The truth is that brands do not have direct control over the environmental impacts of their products. Most of the emissions and applications of chemicals are not happening at the brand level, but are instead in fiber production, textile mills, dyehouses, finishing facilities, and laundries, all of which the brands do not own. These factories operate on the thinnest of margins, and the open secret is that brands share these suppliers. No one brand wants to pay the cost for their shared factories to make the necessary upgrades to address their impacts. It’s a classic collective action problem.
Everlane’s capital story matters here, too. Unless a founder arrives with substantial personal wealth, outside investment is often the only path to scale. A company can remain small, independent, and slow-growing, but then it will likely be more expensive, more limited in reach, and less able to influence factories.
Everlane chose the other path. It took institutional growth capital from storied venture firms more closely associated with the digital revolution (including some that also fund clean energy technologies) and became a recognizable national brand. This obligated the company to operate inside a financial structure that leads inexorably toward some kind of exit, whether through a sale, an initial public offering, or some other liquidity event. Once that is the operating system, sustainability can remain a real and important goal, but it is not the final governing logic — investor return is.
“Radical transparency” was never enough to solve the fashion industry’s or venture capital model’s structural problems. Naming a factory is not the same as knowing what happens inside it. Publishing a supplier list does not tell us whether the facility runs on coal, whether wastewater is treated before being released back into the ecosystem, or whether restricted substances are present in dyes, finishes, trims, or coatings.
We already have many forms of transparency in American capitalism. Public companies, for example, are required to disclose executive compensation and the average pay of their workers; this transparency has done exactly nothing to close the pay gap. A disclosure is not the same thing as a legal standard.
So what does this mean for all of us? We don’t know exactly how Shein will absorb Everlane. I could guess that this is a Quince play for Shein, a way to access higher-end consumers that would otherwise never go on the Shein site.

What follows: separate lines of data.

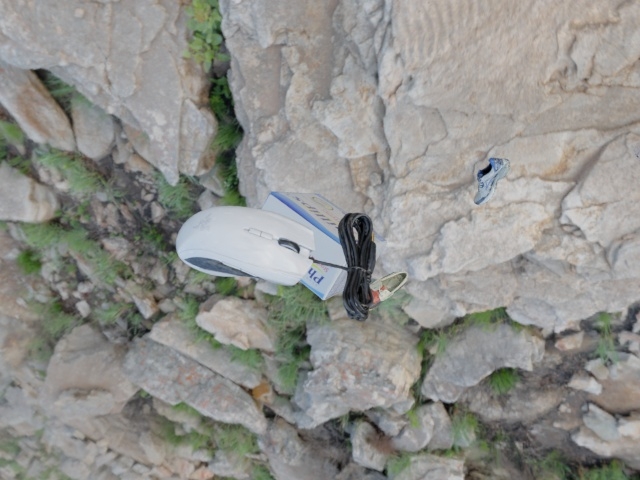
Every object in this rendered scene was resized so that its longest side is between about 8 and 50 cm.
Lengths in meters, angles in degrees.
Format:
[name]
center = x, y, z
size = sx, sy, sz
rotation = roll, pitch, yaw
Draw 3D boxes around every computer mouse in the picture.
[computer mouse]
center = -0.042, 0.007, 0.400
size = 0.192, 0.106, 0.042
rotation = 10, 152, 2

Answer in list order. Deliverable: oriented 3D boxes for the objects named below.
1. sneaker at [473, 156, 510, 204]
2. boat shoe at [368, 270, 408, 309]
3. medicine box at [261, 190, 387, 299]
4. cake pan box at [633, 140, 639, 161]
[sneaker]
center = 0.414, -0.152, 1.096
size = 0.057, 0.052, 0.135
rotation = 14, 123, -11
[boat shoe]
center = 0.134, 0.106, 0.941
size = 0.049, 0.136, 0.043
rotation = 57, 150, 13
[medicine box]
center = 0.000, 0.000, 1.167
size = 0.263, 0.289, 0.149
rotation = 36, 108, 18
[cake pan box]
center = 0.627, -0.225, 0.701
size = 0.070, 0.266, 0.246
rotation = 41, 121, 17
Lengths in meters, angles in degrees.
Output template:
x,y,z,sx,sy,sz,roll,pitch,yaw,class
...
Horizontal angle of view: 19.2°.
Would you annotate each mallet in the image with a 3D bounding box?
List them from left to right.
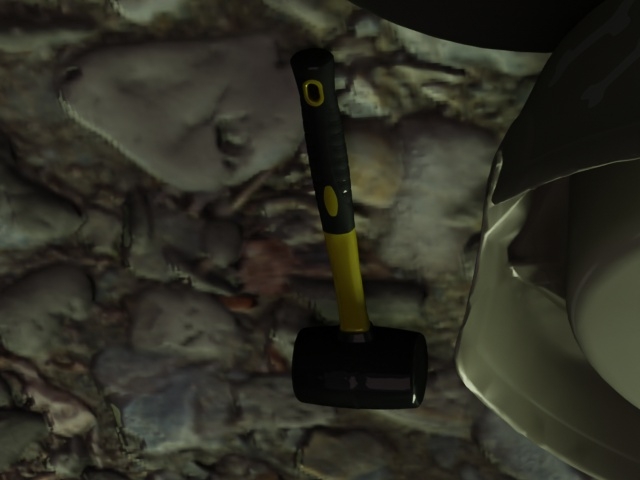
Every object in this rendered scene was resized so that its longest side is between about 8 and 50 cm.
x,y,z,sx,sy,sz,roll,pitch,yaw,class
0.000,0.000,0.843,0.062,0.039,0.189,-5,125,18,mallet

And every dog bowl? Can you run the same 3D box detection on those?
x,y,z,sx,sy,sz,roll,pitch,yaw,class
0.220,0.015,0.695,0.349,0.102,0.349,14,154,7,dog bowl

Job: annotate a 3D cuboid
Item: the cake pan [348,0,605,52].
x,y,z,sx,sy,sz,roll,pitch,yaw,class
0.077,-0.182,0.652,0.293,0.054,0.293,5,132,6,cake pan
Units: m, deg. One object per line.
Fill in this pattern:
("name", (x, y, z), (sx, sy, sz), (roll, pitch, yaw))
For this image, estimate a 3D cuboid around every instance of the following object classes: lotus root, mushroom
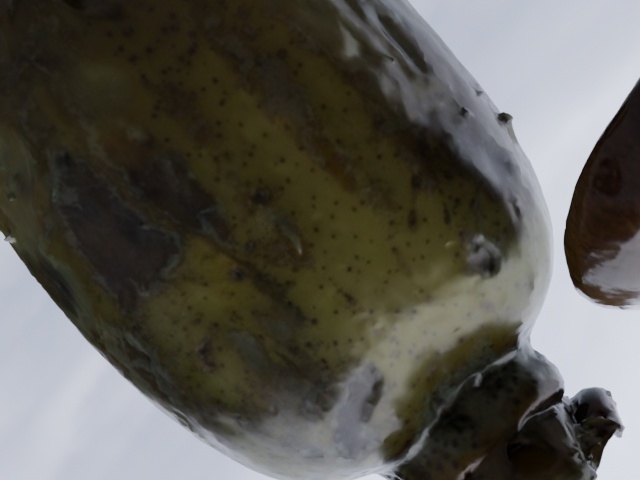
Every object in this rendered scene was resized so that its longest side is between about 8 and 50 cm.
("lotus root", (-0.001, 0.001, 0.536), (0.154, 0.278, 0.154), (-44, 179, -1))
("mushroom", (0.105, -0.031, 0.446), (0.123, 0.052, 0.123), (-57, 166, -24))

What this tragicomedy reveals is that the idea born from Obama-era optimism, that the arc of history naturally bends toward justice and sustainability, was ephemeral.
The work to make this coal-powered industry sustainable will come from regulation. The technology to decarbonize is there, and unlike with aviation, for instance, it would cost the apparel industry a mere 2 cents per cotton t-shirt to get it done. But unlike with aviation, there are no requirements or incentives that these investments be made, so they are not.
The electric vehicle industry got a head start through direct subsidies and fuel efficiency standards. Apparel needs the same.
If you’re disappointed or angry about this turn of events, I ask you to channel those feelings into citizenship. Help pass the New York or California Fashion Acts that would require all large fashion companies that sell into the states to reduce their emissions and ban toxic chemicals. It’s currently legal to have lead on adult clothing, and Shein is consistently found to have it on their products. The industry is pushing back through their trade associations, so people power is needed so that legislators know it needs to be their priority.
But if you want to shop sustainably, you don’t need a brand. What is most helpful is understanding your own style and lifestyle — that’s how we know what we actually need and what we don’t. There are apps to help on that front. (I love Indyx, for instance, but there are others.)
The only way forward is together, and that means political solutions — emissions requirements, chemical requirements, labor requirements — not just consumer ones.